The jailer shook his head, then nodded. ‘A blanket, sir.’

Maskelyne thought for a moment. He glanced at his pocket watch. It was approaching forty-five minutes since his men had hosed the colonel down and placed his unconscious body into the new cell. ‘I’d like to see him myself,’ he said.

‘Yes, sir. Thank you, sir.’

Maskelyne wandered over to one of the tables. He opened an ornate box and took out a tangle of red wires like a small bird’s nest, which he placed in his jacket pocket. ‘Bring a chair,’ he said to the jailer.

‘A chair, sir?’

‘Any one of these will do.’

They walked over to the prison wing, with the jailer carrying a chair from the lounge. He set this down to unlock the watch station and then carried it inside. The duty guard rose to attention and admitted them into the cell corridor.
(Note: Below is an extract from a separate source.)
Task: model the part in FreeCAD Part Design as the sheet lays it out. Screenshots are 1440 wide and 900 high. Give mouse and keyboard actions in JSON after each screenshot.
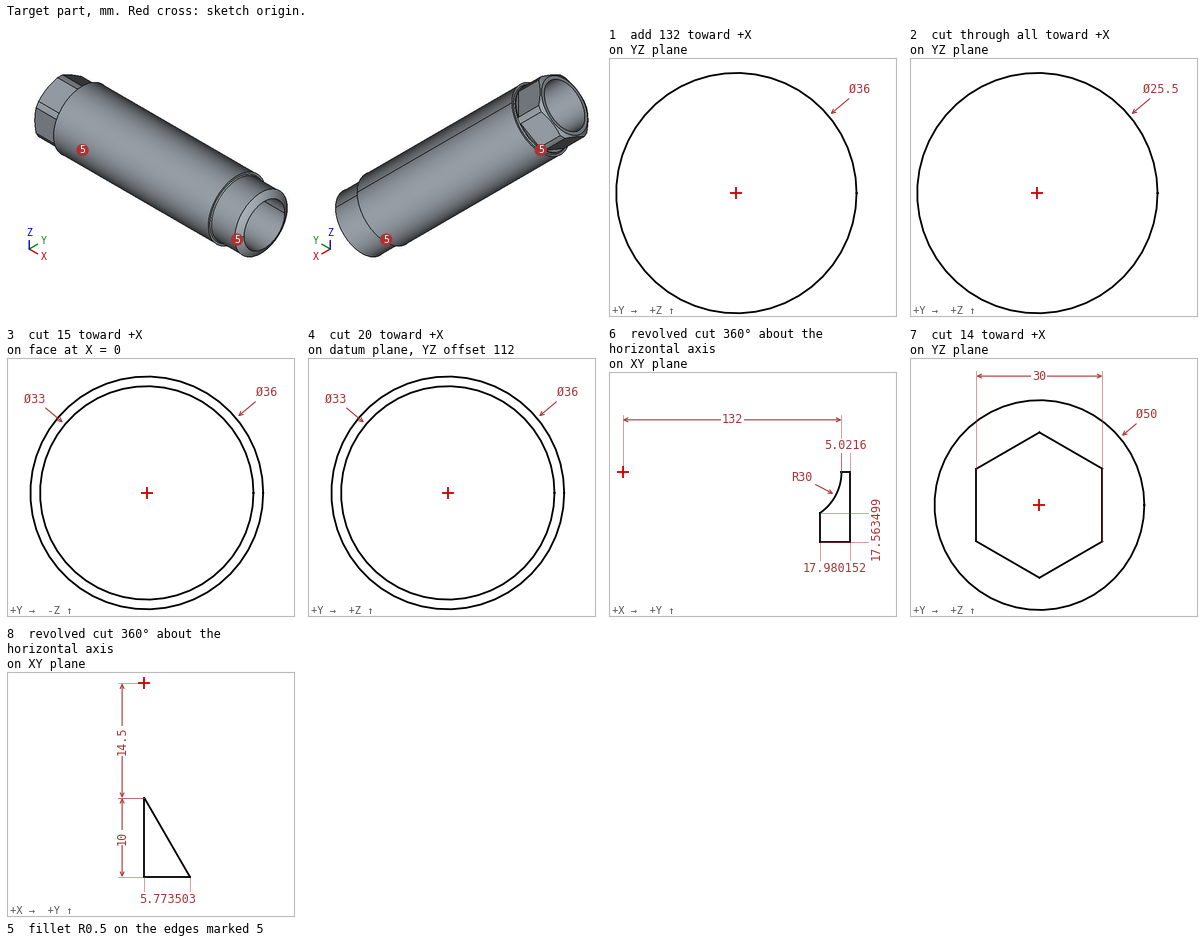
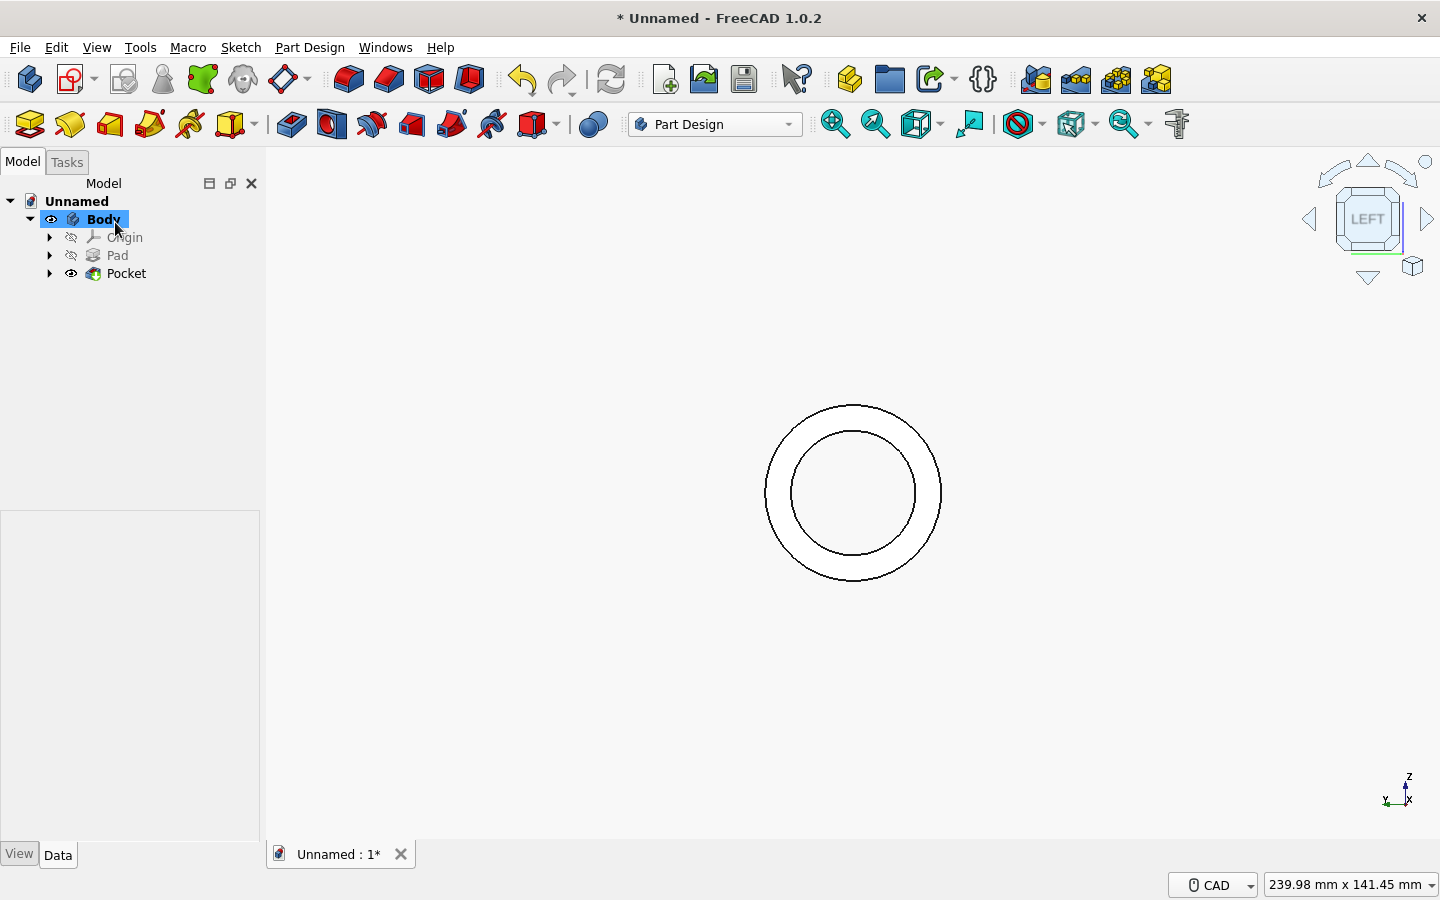
{"action": "key", "text": "v f"}

Maskelyne ordered the jailer to place the chair outside Granger’s cell. He took a seat, while the other man opened the hatch at the bottom of the door.

There was a moment’s pause.

And then the jailer let out a hiss and said, ‘He’s trying the same damn thing again, sir.’

Maskelyne looked at his pocket watch again, and smiled. ‘What could he have used to stuff the mannequin with this time?’

The jailer frowned. ‘Nothing, sir.’ He looked puzzled, and then realization slowly dawned in his eyes. He peered back through the hatch again.

‘Open the door,’ Maskelyne said.

This time it was no mannequin hanging from the lantern chain, but the body of Thomas Granger himself. He had fashioned a second rope from the blanket they’d left with him. To this one he had added a noose. His eyes were closed, his neck crooked, and his tongue protruded from his mouth. His boots dangled a foot from the floor.

Maskelyne looked up at the hanging figure in utter disbelief. Brine scars now covered Granger’s lips and one side of his face. From the plaza outside could be heard the wailing of the Drowned woman.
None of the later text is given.